Piraeus University of Applied Sciences
- Type: Public Higher Education Greece University System University of Applied Sciences
- Active: 1983–2018
- Academic staff: 1.000 (before merge)
- Administrative staff: ~250 (before merge)
- Students: 20.000 (before merge)
- Location: Egaleo, Athens, Greece
- Campus: Egaleo Spetses
- Website: http://teipir.gr/index.php/en/

= Technological Educational Institute of Piraeus =

Defunct tertiary education institute in Greece

The Piraeus University of Applied Sciences (Ανώτατο Εκπαιδευτικό Ίδρυμα Πειραιά Τεχνολογικού Τομέα, A.E.I. Πειραιά Τ.Τ.), also known as Technological Education Institute of Piraeus (TEIPIR), was a public higher education institute in Athens, Greece, supervised by the Ministry of Education and Research. It was created by a special law in 1976 as a merging result of the Anastasiadis School (founded in 1947) and the Sivitanidios School (founded in 1957), and was established with the 1983 related law (Ν.1404/1983).
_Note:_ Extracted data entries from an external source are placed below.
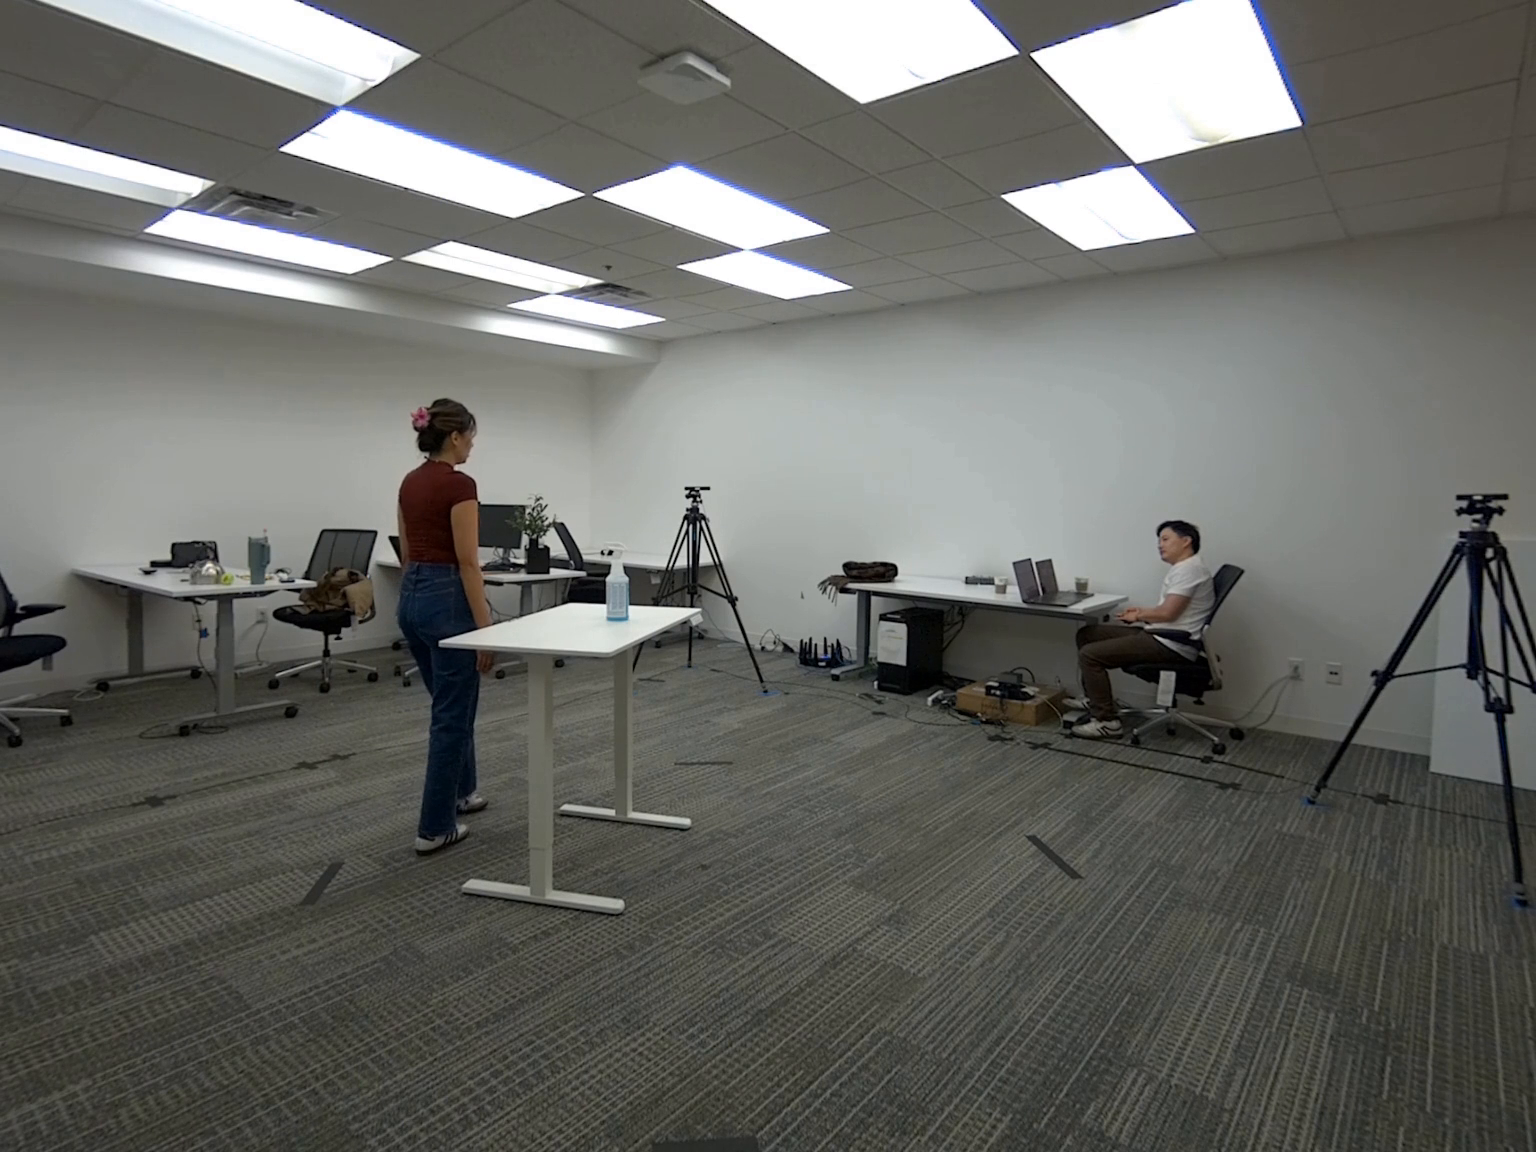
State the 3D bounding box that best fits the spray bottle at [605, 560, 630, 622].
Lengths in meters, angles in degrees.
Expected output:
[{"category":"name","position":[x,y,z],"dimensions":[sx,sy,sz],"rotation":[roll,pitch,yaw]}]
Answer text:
[{"category":"spray bottle","position":[-0.591,0.021,3.244],"dimensions":[0.092,0.297,0.085],"rotation":[-1,2,22]}]

In 2018 TEI of Piraeus merged with TEI of Athens forming the newly established University of West Attica (Πανεπιστήμιο Δυτικής Αττικής).

==Overview==
The Piraeus University of Applied Sciences used to provide a high level of technological education and applied research in the equivalent taught areas, offering more than twenty different degrees that range from Engineering to Economics and Business Administration.

The school was one of the independent and self-administered Applied Sciences Universities (also known as Technological Education Institutes) in accordance with the related Greek laws 2916/2001, 3549/2007 and 4009/2011. Technological Education Institutes differ from other Greek Universities in the applied character of their studies, placing emphasis on laboratory courses and internships.

== Schools and departments==
The institution included two Schools, consisting of nine Departments.

| Schools | Departments |
|---|---|
| School of Engineering | Department of Automation Engineering ; Department of Mechanical Engineering ; Department of Civil Engineering ; Department of Electronics Engineering ; Department of Electrical Engineering ; Department of Computer Systems Engineering ; Department of Textile Engineering ; |
| School of Business and Economics | Department of Accounting and Finance ; Department of Business Administration ; |

==Postgraduate education==
The Piraeus University of Applied Sciences used to offer several approved graduate courses independently or in cooperation with universities and abroad.

==Campus==
The university campus is in a grove 100,000 sq.m in the wider area which housed the Academy of Plato. The facilities are accessible with bus services and metro connection to the rest of Athens and are currently used by University of West Attica.